■ PROBLEM DETAILS
Look through the records below, and whenever a line contains "pixels", copy it.

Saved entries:
══════
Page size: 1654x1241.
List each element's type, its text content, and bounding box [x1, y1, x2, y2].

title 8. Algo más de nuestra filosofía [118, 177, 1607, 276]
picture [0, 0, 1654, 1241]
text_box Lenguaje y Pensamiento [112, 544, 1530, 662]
══════
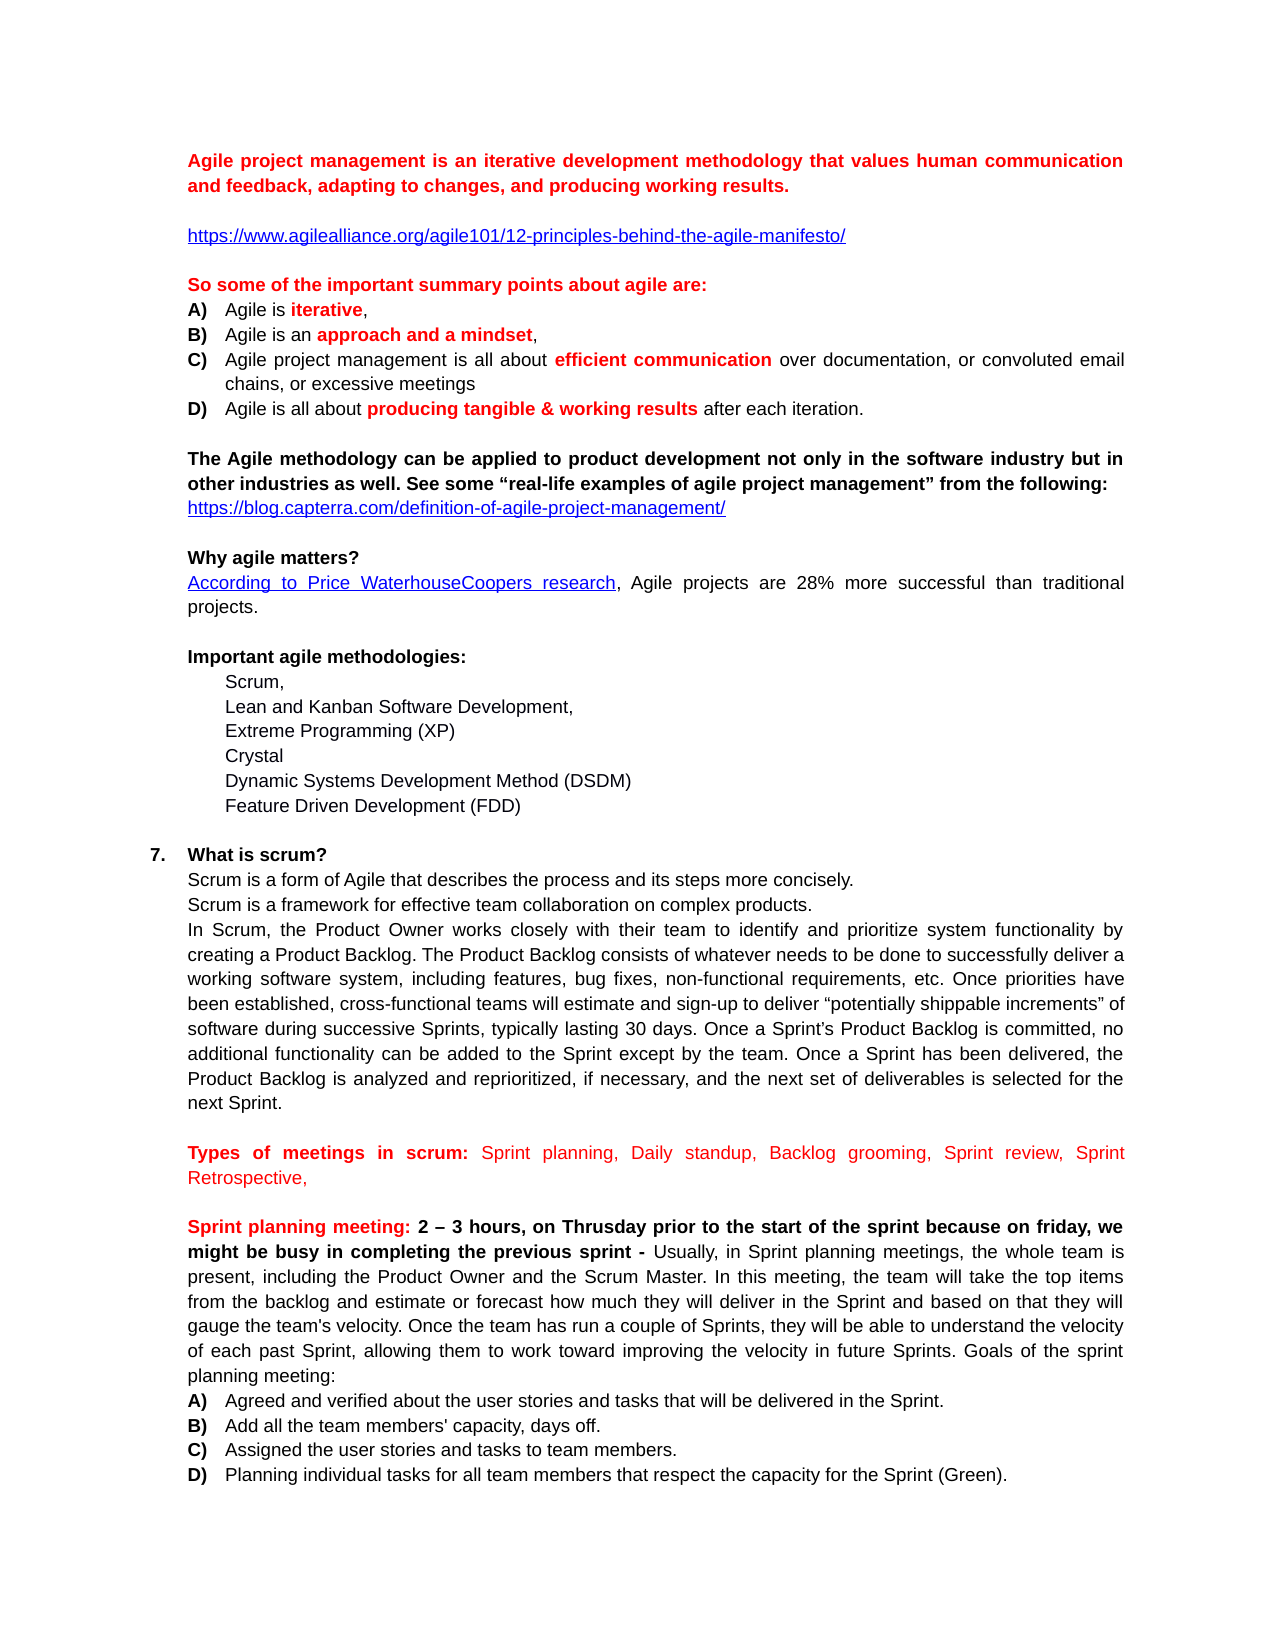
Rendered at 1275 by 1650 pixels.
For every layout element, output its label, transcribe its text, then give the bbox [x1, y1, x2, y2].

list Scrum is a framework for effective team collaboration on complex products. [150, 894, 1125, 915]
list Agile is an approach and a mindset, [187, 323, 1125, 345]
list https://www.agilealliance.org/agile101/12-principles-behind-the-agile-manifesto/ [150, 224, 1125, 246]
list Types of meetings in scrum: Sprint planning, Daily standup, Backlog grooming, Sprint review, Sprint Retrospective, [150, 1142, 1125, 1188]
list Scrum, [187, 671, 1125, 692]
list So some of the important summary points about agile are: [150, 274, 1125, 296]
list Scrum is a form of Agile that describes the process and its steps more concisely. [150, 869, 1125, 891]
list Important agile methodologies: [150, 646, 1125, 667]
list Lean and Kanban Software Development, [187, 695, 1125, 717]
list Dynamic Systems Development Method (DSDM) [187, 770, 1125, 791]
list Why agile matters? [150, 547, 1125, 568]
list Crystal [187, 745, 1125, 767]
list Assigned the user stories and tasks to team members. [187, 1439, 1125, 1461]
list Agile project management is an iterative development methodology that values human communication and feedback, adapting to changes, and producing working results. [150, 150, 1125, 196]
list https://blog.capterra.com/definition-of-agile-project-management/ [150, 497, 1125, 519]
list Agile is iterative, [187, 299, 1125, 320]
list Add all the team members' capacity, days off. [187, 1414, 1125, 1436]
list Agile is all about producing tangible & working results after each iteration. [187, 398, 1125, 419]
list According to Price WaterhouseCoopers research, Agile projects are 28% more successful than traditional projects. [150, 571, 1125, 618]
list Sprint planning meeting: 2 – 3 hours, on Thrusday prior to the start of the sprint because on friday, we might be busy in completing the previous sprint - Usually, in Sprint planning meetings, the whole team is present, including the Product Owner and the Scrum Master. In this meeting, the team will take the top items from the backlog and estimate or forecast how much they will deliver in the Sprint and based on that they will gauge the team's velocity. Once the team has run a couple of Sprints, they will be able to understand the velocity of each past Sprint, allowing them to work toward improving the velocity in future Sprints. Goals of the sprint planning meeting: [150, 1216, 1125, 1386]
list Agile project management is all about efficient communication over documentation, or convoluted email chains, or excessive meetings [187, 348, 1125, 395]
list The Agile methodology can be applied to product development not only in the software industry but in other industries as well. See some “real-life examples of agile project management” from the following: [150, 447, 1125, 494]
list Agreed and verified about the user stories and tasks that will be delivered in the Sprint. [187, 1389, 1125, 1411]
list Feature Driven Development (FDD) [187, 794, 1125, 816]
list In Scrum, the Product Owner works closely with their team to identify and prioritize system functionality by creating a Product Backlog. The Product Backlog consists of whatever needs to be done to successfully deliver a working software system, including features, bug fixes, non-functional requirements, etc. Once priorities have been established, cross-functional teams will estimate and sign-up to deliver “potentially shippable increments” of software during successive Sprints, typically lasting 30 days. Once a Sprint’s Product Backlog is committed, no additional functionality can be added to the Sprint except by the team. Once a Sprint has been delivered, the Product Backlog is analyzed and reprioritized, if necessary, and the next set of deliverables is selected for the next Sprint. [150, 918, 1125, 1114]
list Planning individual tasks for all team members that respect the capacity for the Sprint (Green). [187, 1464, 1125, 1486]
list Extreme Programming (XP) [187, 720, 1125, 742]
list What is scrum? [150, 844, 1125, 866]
══════
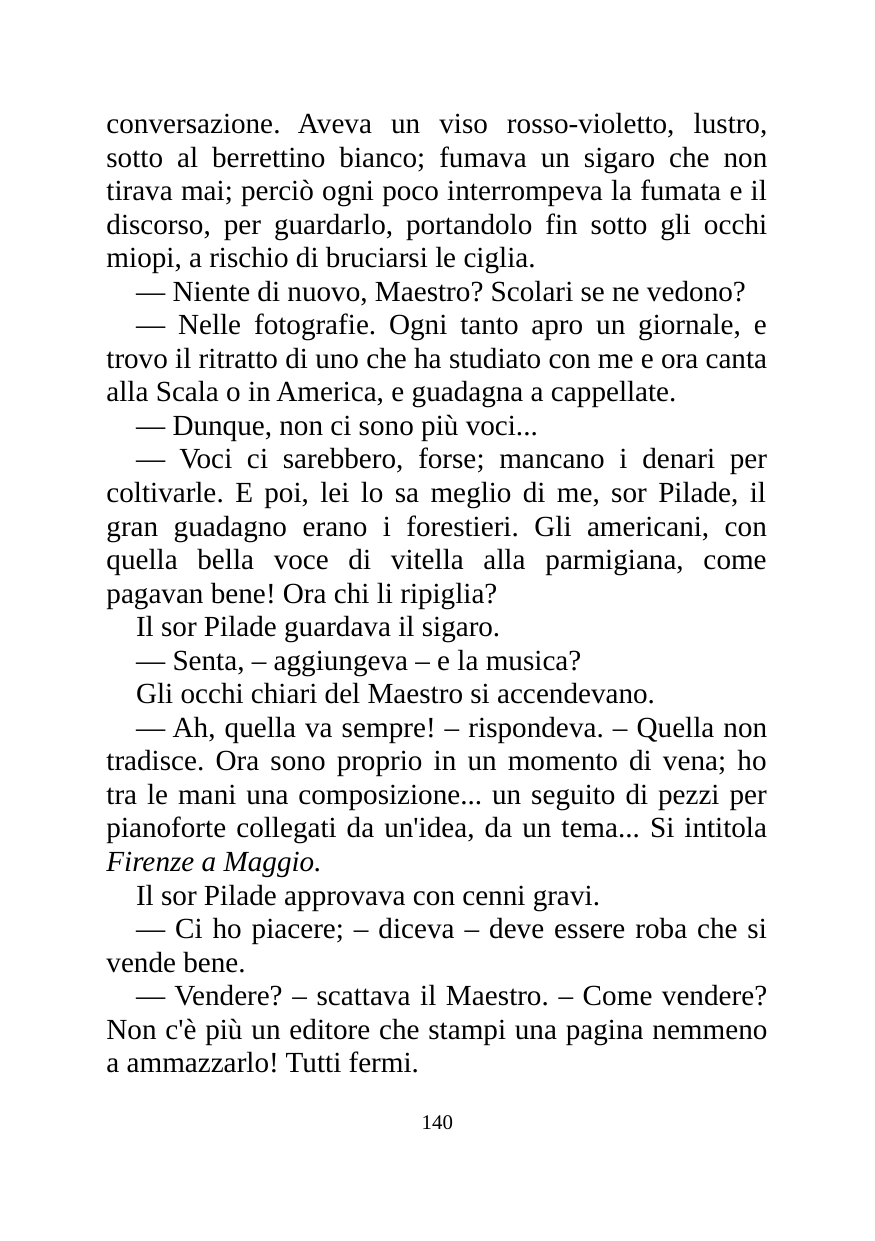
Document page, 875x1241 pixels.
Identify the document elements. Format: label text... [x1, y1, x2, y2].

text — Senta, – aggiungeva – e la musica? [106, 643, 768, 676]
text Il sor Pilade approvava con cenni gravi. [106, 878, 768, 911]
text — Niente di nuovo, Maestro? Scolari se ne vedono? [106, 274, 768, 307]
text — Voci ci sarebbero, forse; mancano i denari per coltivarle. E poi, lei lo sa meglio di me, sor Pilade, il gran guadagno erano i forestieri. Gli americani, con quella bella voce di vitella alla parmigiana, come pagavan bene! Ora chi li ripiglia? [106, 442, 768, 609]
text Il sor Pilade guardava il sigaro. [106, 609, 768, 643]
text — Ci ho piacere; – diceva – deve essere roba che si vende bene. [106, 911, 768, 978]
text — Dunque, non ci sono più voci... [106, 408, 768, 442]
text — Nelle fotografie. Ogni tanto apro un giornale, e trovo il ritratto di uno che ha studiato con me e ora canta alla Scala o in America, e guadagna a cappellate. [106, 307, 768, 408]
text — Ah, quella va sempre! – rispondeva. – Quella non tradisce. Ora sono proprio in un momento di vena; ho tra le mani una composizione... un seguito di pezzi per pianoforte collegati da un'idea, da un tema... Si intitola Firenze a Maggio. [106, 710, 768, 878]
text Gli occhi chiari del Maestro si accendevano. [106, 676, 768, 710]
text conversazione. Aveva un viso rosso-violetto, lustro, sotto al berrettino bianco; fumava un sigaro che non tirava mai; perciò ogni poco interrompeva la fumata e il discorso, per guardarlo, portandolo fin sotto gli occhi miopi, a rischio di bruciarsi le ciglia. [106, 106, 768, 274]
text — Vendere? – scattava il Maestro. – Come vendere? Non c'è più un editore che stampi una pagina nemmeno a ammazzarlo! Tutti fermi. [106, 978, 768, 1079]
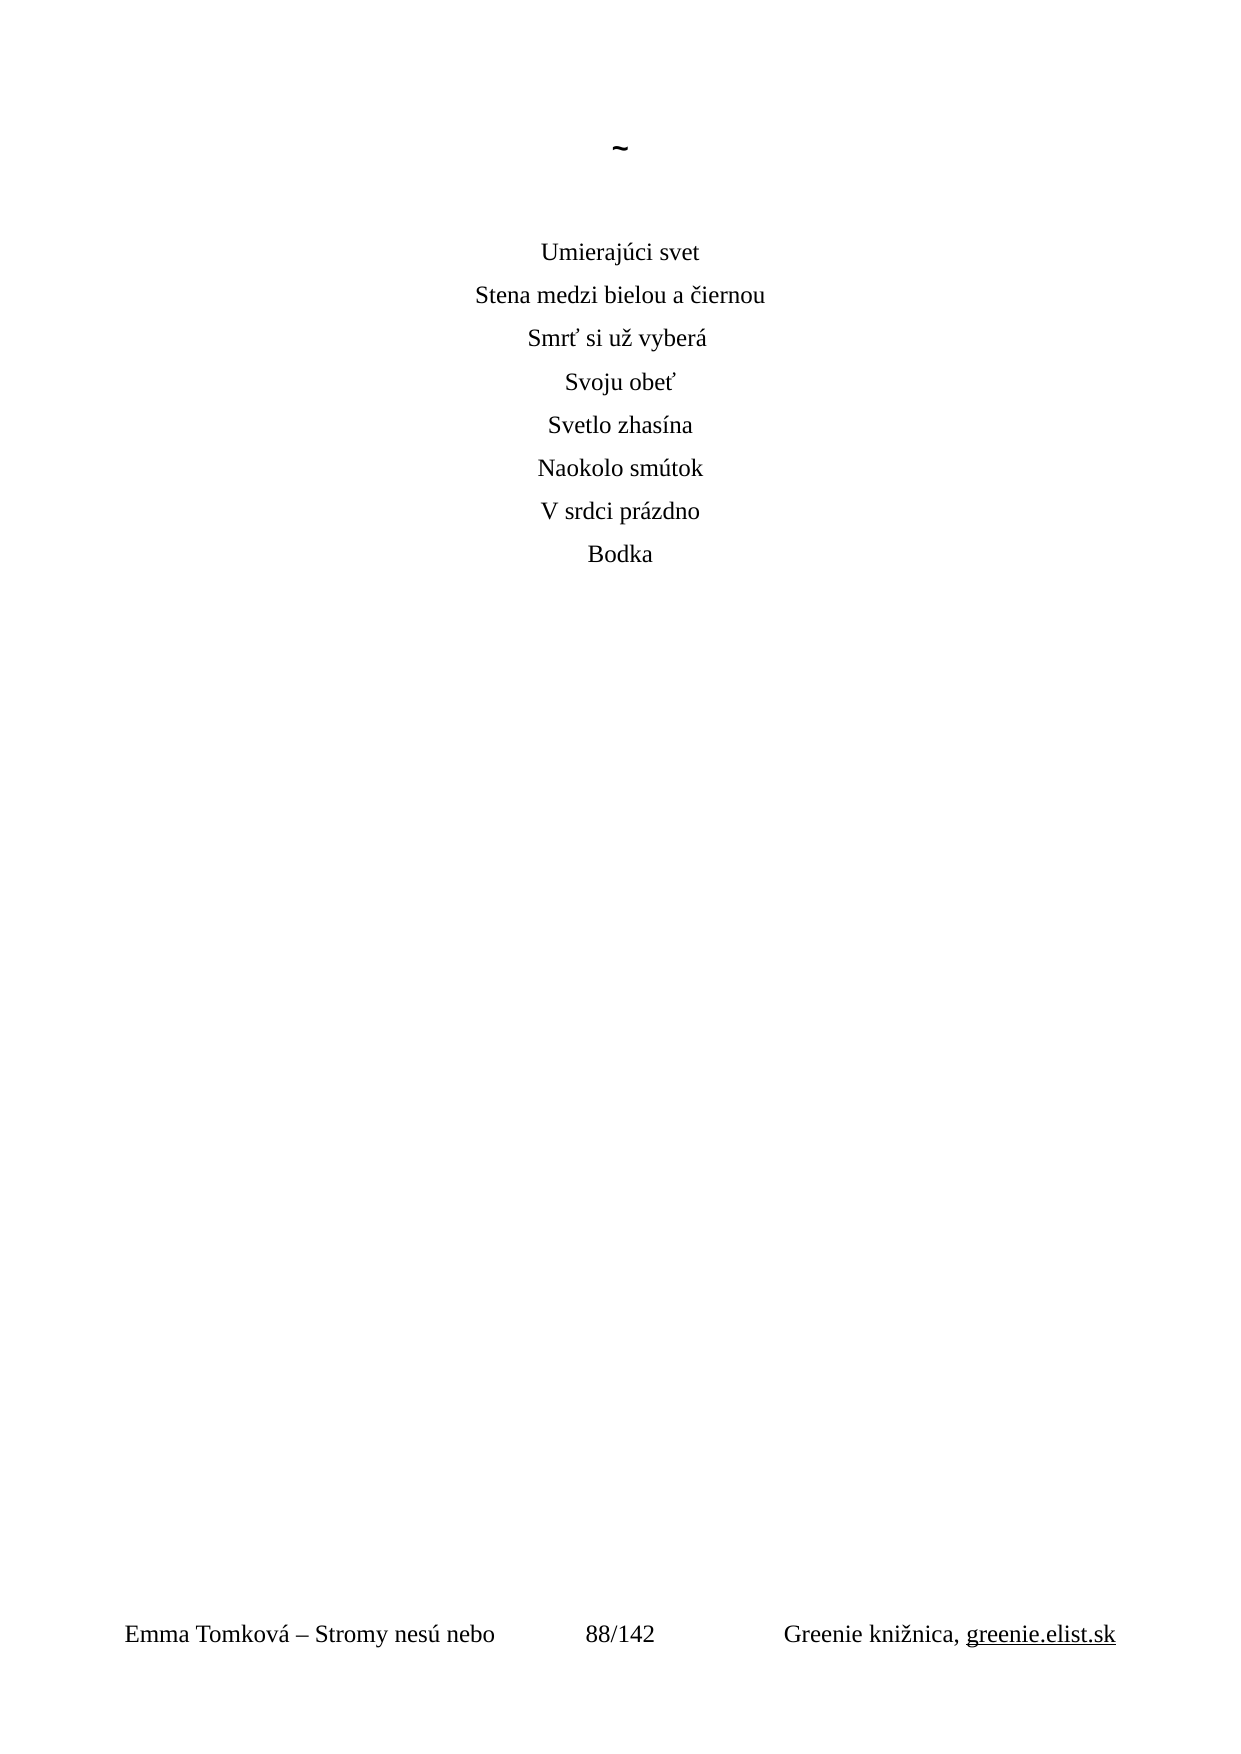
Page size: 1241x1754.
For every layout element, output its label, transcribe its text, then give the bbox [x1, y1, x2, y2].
══════
■ PROBLEM SOLUTION
Rendered at 1275 by 1650 pixels.
Document page, 875x1241 pixels.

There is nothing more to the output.